Unnamed: 0,animal,repeat_purchase,avg_sales,min_sales,max_sales
0,Bird,0,1380,858,2255
1,Bird,1,1408,853,2256
2,Cat,0,1035,512,1730
3,Cat,1,998,512,1724
4,Dog,0,1084,574,1795
5,Dog,1,1038,574,1797
6,Fish,0,705,288,1307
7,Fish,1,693,287,1301


## Which cat and dog products that are bought repeatedly are most popular?

Next year, the management team wants to focus efforts on the most popular pets (cats and dogs) for products that are bought repeatedly. To help with this, we define popular based on `sales` and `ranking`.

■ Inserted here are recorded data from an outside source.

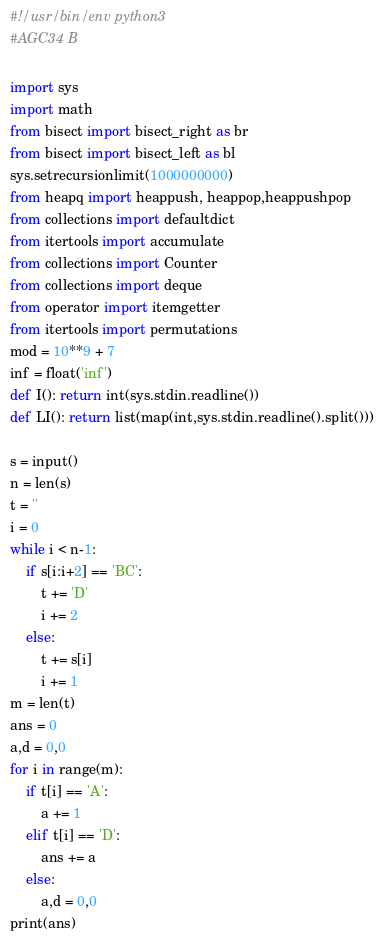Convert code to text. <code><loc_0><loc_0><loc_500><loc_500><_Python_>#!/usr/bin/env python3
#AGC34 B

import sys
import math
from bisect import bisect_right as br
from bisect import bisect_left as bl
sys.setrecursionlimit(1000000000)
from heapq import heappush, heappop,heappushpop
from collections import defaultdict
from itertools import accumulate
from collections import Counter
from collections import deque
from operator import itemgetter
from itertools import permutations
mod = 10**9 + 7
inf = float('inf')
def I(): return int(sys.stdin.readline())
def LI(): return list(map(int,sys.stdin.readline().split()))

s = input()
n = len(s)
t = ''
i = 0
while i < n-1:
    if s[i:i+2] == 'BC':
        t += 'D'
        i += 2
    else:
        t += s[i]
        i += 1
m = len(t)
ans = 0
a,d = 0,0
for i in range(m):
    if t[i] == 'A':
        a += 1
    elif t[i] == 'D':
        ans += a
    else:
        a,d = 0,0
print(ans)
</code> 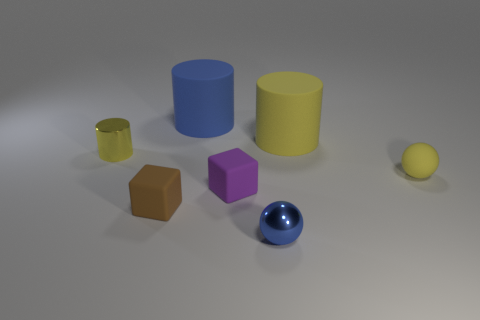Add 3 big blue rubber objects. How many objects exist? 10 Subtract 1 spheres. How many spheres are left? 1 Subtract all big cylinders. How many cylinders are left? 1 Add 6 blue shiny spheres. How many blue shiny spheres are left? 7 Add 5 large matte objects. How many large matte objects exist? 7 Subtract all blue cylinders. How many cylinders are left? 2 Subtract 1 blue cylinders. How many objects are left? 6 Subtract all balls. How many objects are left? 5 Subtract all cyan cylinders. Subtract all cyan balls. How many cylinders are left? 3 Subtract all cyan cubes. How many brown balls are left? 0

Let's write a query that returns the `product_id`, `sales` and `rating` for repeated products for cats and dogs.

In [30]:
-- median CTE
WITH median AS (
	SELECT ROUND(
			(
				PERCENTILE_CONT(0.5) WITHIN GROUP (ORDER BY price::NUMERIC)
			)::NUMERIC,
		2
	)
	FROM pet_supplies
	WHERE price SIMILAR TO '[0-9]*\.?[0-9]*'
), clean_pet_supplies AS (
	SELECT product_id,
		CASE
			WHEN category IN ('Housing', 'Food', 'Toys', 'Equipment', 'Medicine', 'Accessory')
				THEN category
			ELSE 'Unknown'
		END AS category,
		animal,
		CASE
			WHEN INITCAP(size) IN ('Small', 'Medium', 'Large') THEN INITCAP(size)
			ELSE 'Unknown'
		END AS size,
		CASE
			WHEN price SIMILAR TO '[0-9]*\.?[0-9]*' THEN ROUND(price::NUMERIC, 2)
			ELSE (SELECT * FROM median)
		END AS price,
		ROUND(sales::NUMERIC, 2) AS sales,
		CASE
			WHEN rating IS NULL THEN 0
			ELSE rating
		END AS rating,
		repeat_purchase
	FROM pet_supplies
)

-- Which cat and dog products that are bought repeatedly are most popular?
SELECT animal, product_id, sales, rating
FROM clean_pet_supplies
WHERE animal in ('Cat', 'Dog') AND repeat_purchase = 1
ORDER BY sales DESC, rating DESC
LIMIT 10;

Unnamed: 0,animal,product_id,sales,rating
0,Dog,518,1797.02,7
1,Dog,280,1795.77,5
2,Dog,728,1793.71,6
3,Dog,20,1792.63,7
4,Dog,946,1788.28,8
5,Cat,863,1724.15,7
6,Cat,1383,1723.87,8
7,Dog,272,1470.65,6
8,Dog,561,1469.55,5
9,Dog,285,1467.21,4


It seems that more dog products are popular, and that the most popular products have a rating of at least 4.